▶ _Excerpts from a dataset_
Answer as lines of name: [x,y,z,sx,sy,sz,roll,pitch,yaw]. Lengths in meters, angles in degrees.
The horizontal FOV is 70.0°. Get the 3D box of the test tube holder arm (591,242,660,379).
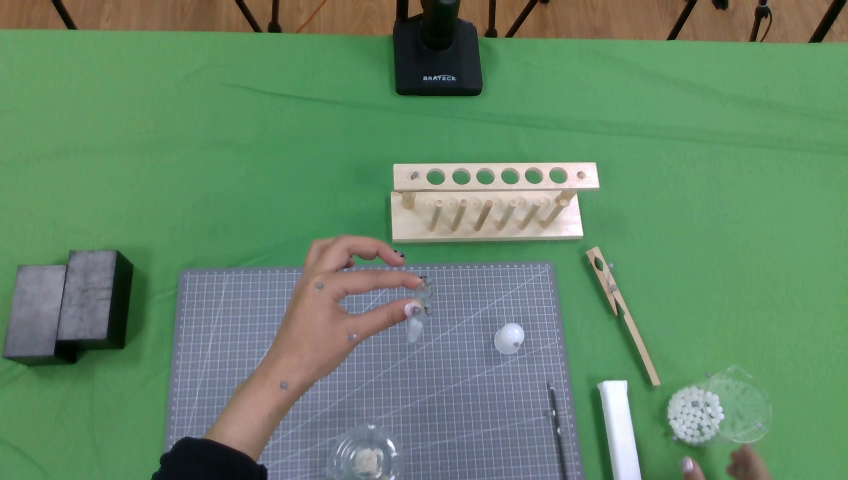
test tube holder arm: [0.244,0.084,0.739,0.013,0.015,0.177,-29,72,20]

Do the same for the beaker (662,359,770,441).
beaker: [0.315,0.180,0.669,0.074,0.101,0.083,12,68,-1]

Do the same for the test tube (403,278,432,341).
test tube: [-0.008,0.067,0.549,0.017,0.151,0.017,2,66,-4]

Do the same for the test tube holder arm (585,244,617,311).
test tube holder arm: [0.223,0.047,0.753,0.010,0.015,0.087,-28,73,20]

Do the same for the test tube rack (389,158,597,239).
test tube rack: [0.081,-0.050,0.738,0.243,0.085,0.066,-1,69,-6]

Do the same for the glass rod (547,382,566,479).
glass rod: [0.151,0.257,0.668,0.008,0.008,0.198,-1,70,-7]

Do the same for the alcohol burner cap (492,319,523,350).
alcohol burner cap: [0.099,0.107,0.701,0.034,0.048,0.033,2,69,-5]

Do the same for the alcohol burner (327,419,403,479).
alcohol burner: [-0.059,0.217,0.604,0.078,0.120,0.077,2,67,-4]

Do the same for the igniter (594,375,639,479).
igniter: [0.221,0.287,0.657,0.057,0.025,0.274,3,69,-15]

▶ _WORK TO BE COMPLETED_
Without the pictures, give back the entries exactly.

▶ _RESULT OF THIS EXERCISE_
Answer as lines of name: [x,y,z,sx,sy,sz,roll,pitch,yaw]. Lengths in meters, angles in degrees.
The horizontal FOV is 70.0°. Get the 3D box of the test tube holder arm (591,242,660,379).
test tube holder arm: [0.244,0.084,0.739,0.013,0.015,0.177,-29,72,20]

Do the same for the beaker (662,359,770,441).
beaker: [0.315,0.180,0.669,0.074,0.101,0.083,12,68,-1]

Do the same for the test tube (403,278,432,341).
test tube: [-0.008,0.067,0.549,0.017,0.151,0.017,2,66,-4]

Do the same for the test tube holder arm (585,244,617,311).
test tube holder arm: [0.223,0.047,0.753,0.010,0.015,0.087,-28,73,20]

Do the same for the test tube rack (389,158,597,239).
test tube rack: [0.081,-0.050,0.738,0.243,0.085,0.066,-1,69,-6]

Do the same for the glass rod (547,382,566,479).
glass rod: [0.151,0.257,0.668,0.008,0.008,0.198,-1,70,-7]

Do the same for the alcohol burner cap (492,319,523,350).
alcohol burner cap: [0.099,0.107,0.701,0.034,0.048,0.033,2,69,-5]

Do the same for the alcohol burner (327,419,403,479).
alcohol burner: [-0.059,0.217,0.604,0.078,0.120,0.077,2,67,-4]

Do the same for the igniter (594,375,639,479).
igniter: [0.221,0.287,0.657,0.057,0.025,0.274,3,69,-15]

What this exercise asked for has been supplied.